LeetCode #507 Perfect Number Solution & Explanation

LeetCode Problem

A perfect number is a positive integer that is equal to the sum of its positive divisors, excluding the number itself. A divisor of an integer x is an integer that can divide x evenly.

Given an integer n, return true if n is a perfect number, otherwise return false.

Solution

Let’s use a easy iteration try to get the answer.

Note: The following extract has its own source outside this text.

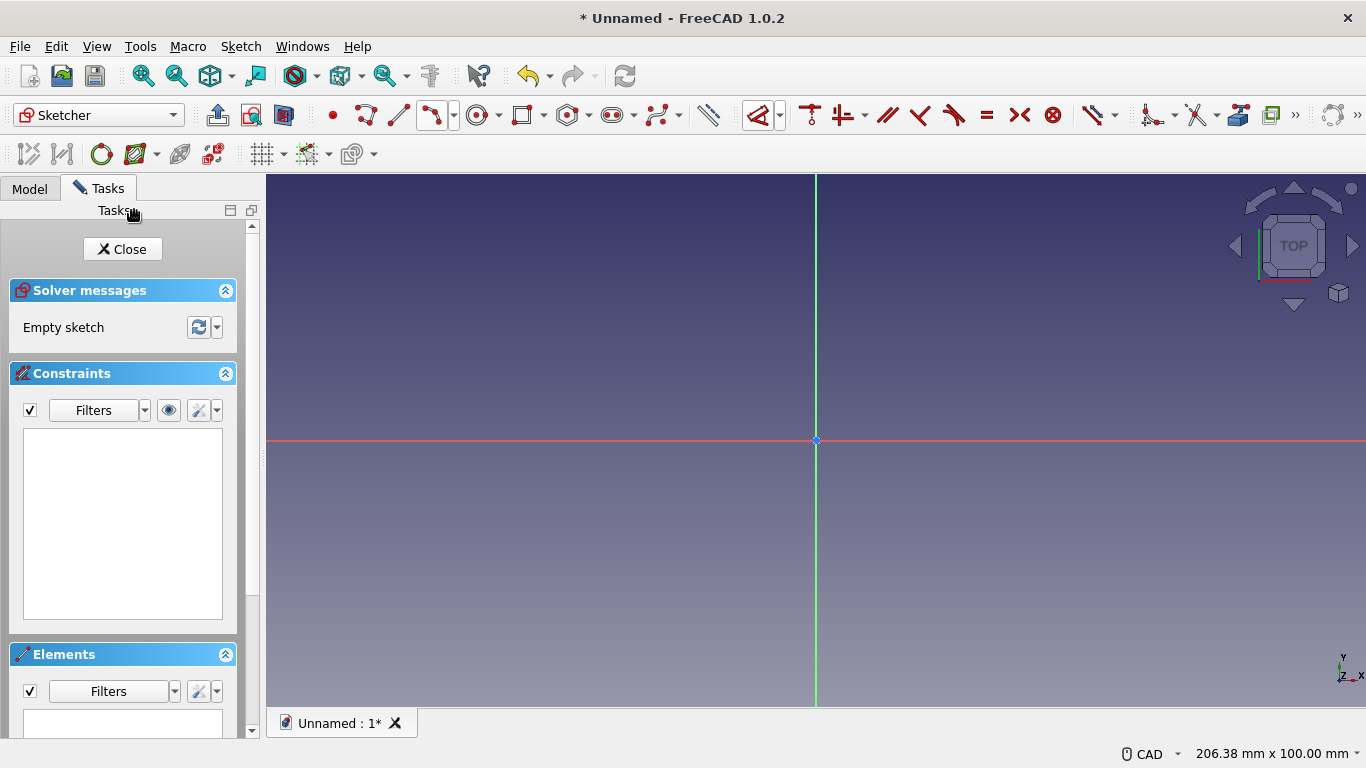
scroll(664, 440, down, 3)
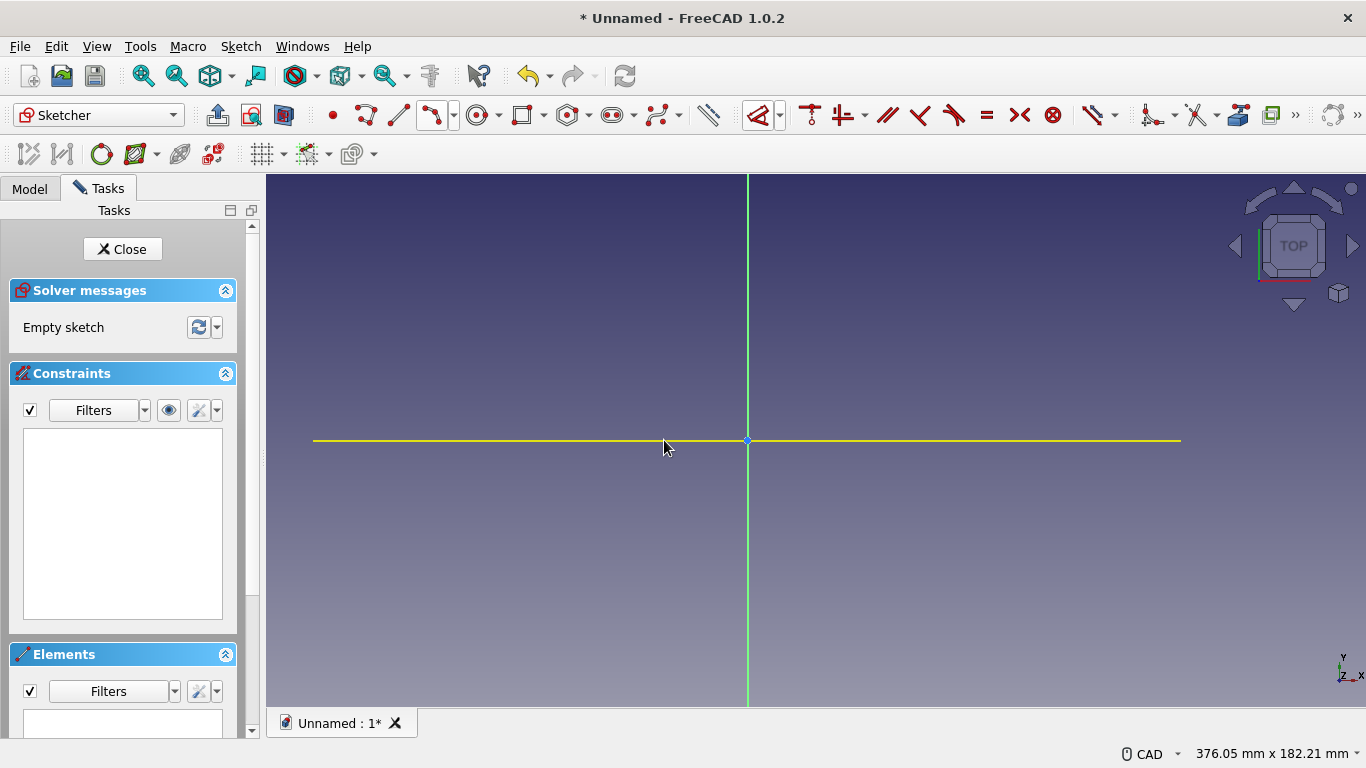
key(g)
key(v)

Iterate from 1 to num, to check all it’s positive divisors and sum them together.

C# Solution

❌First try

public class Solution {
    public bool CheckPerfectNumber(int num) {
        if(num == 1)
        {
            return false;
        }
        
        int sum = 0;
        
        for(int i =1; i<num;i++)
        {
            if(num%i ==0)
            {
                sum+=i;
            }
        }
        
        return num == sum;
    }
}

But, what we got? Time Limit Exceeded Error !!!!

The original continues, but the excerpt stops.